The subreddit r/AmITheAsshole has thousands of posts, each judged by the community. Can we predict the post’s outcome (“YTA”, “NTA”, etc.) based only on the title text? This problem presents a classic multi-class text classification task, ideal for exploring tree-based ML models and TF-IDF vectorization.

Dataset

• Preprocessed titles using TF-IDF (5000 features)
• Trained Decision Tree, Random Forest, Bagging, and Gradient Boosting classifiers
• Evaluated using accuracy, F1-score, confusion matrix, and CV scoring

Approach

1. Preprocessing

   • Used LabelEncoder to convert outcome labels into numeric classes
   • Applied TF-IDF vectorization (max_features=5000) on titles

2. Models Compared

   • Decision Tree
   • Random Forest
   • Gradient Boosting
   • Bagging (Base Tree: Depth=5)

Each model was evaluated on:

• Accuracy
• Precision, Recall, F1-Score (Weighted)
• Confusion Matrix
• 5-fold Cross-Validation Score

Results Summary

| Model | Accuracy | Precision | Recall | F1-Score | | --------------------- | -------- | --------- | -------- | -------- | | Gradient Boosting | 0.86 | 0.88 | 0.86 | 0.83 | | Decision Tree | 0.72 | 0.74 | 0.72 | 0.64 | | Bagging | 0.70 | 0.76 | 0.70 | 0.60 | | Random Forest | 0.67 | 0.68 | 0.67 | 0.55 |

Code Below

Github https://github.com/kerixyz/pred-aita/blob/main/pred.md

df_big = pd.read_csv('aita7780.csv')
print(df_big.isnull().sum())

Unnamed: 0 0 id 0 flair 0 title 0 body 0 dtype: int64

#convert flair (outcome var) to numerical vals
le = LabelEncoder()
df_big['flair_num'] = le.fit_transform(df_big['flair'])

Train / Test Split

#split into test / train 

X = df_big['title']
y = df_big['flair_num']

X_train, X_test, y_train, y_test = train_test_split(X,y,test_size=0.2,random_state=17)
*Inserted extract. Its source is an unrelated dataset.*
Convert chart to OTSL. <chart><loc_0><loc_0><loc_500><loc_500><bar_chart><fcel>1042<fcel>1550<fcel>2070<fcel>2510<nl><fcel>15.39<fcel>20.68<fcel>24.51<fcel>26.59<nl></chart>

df_big['title'][2] 'AITA for preferring that my uncle teach me to drive than my dad and refusing to tell my dad why?'

tfidf = TfidfVectorizer(max_features=5000)

X_train_tfidf = tfidf.fit_transform(X_train)
X_test_tfidf = tfidf.transform(X_test)

dt_model = DecisionTreeClassifier(random_state=17, max_depth=10)
dt_model.fit(X_train_tfidf, y_train)
y_pred_dt = dt_model.predict(X_test_tfidf)

temp = dt_model.fit(X_train_tfidf, y_train)
fig = plt.figure(figsize=(25,20))
_ = tree.plot_tree(temp,
                   filled=True)

print('Decision Tree Accuracy:',accuracy_score(y_test,y_pred_dt)) 0.7172236503856041

rf_model = RandomForestClassifier(random_state=17, max_depth=10, n_estimators=100)
rf_model.fit(X_train_tfidf, y_train)

y_pred_rf = rf_model.predict(X_test_tfidf)
print("Random Forest Accuracy:", accuracy_score(y_test, y_pred_rf))

Random Forest Accuracy: 0.6735218508997429

base_tree = DecisionTreeClassifier(max_depth=5, random_state=17)
bagging_model = BaggingClassifier(estimator=base_tree, n_estimators=50, random_state=17)
bagging_model.fit(X_train_tfidf, y_train)

y_pred_bagging = bagging_model.predict(X_test_tfidf)
print("Bagging Accuracy:", accuracy_score(y_test, y_pred_bagging))

Bagging Accuracy: 0.7011568123393316

gb_model = GradientBoostingClassifier(random_state=17)
gb_model.fit(X_train_tfidf, y_train)

y_pred_gb = gb_model.predict(X_test_tfidf)
print("Gradient Boosting Accuracy:", accuracy_score(y_test, y_pred_gb))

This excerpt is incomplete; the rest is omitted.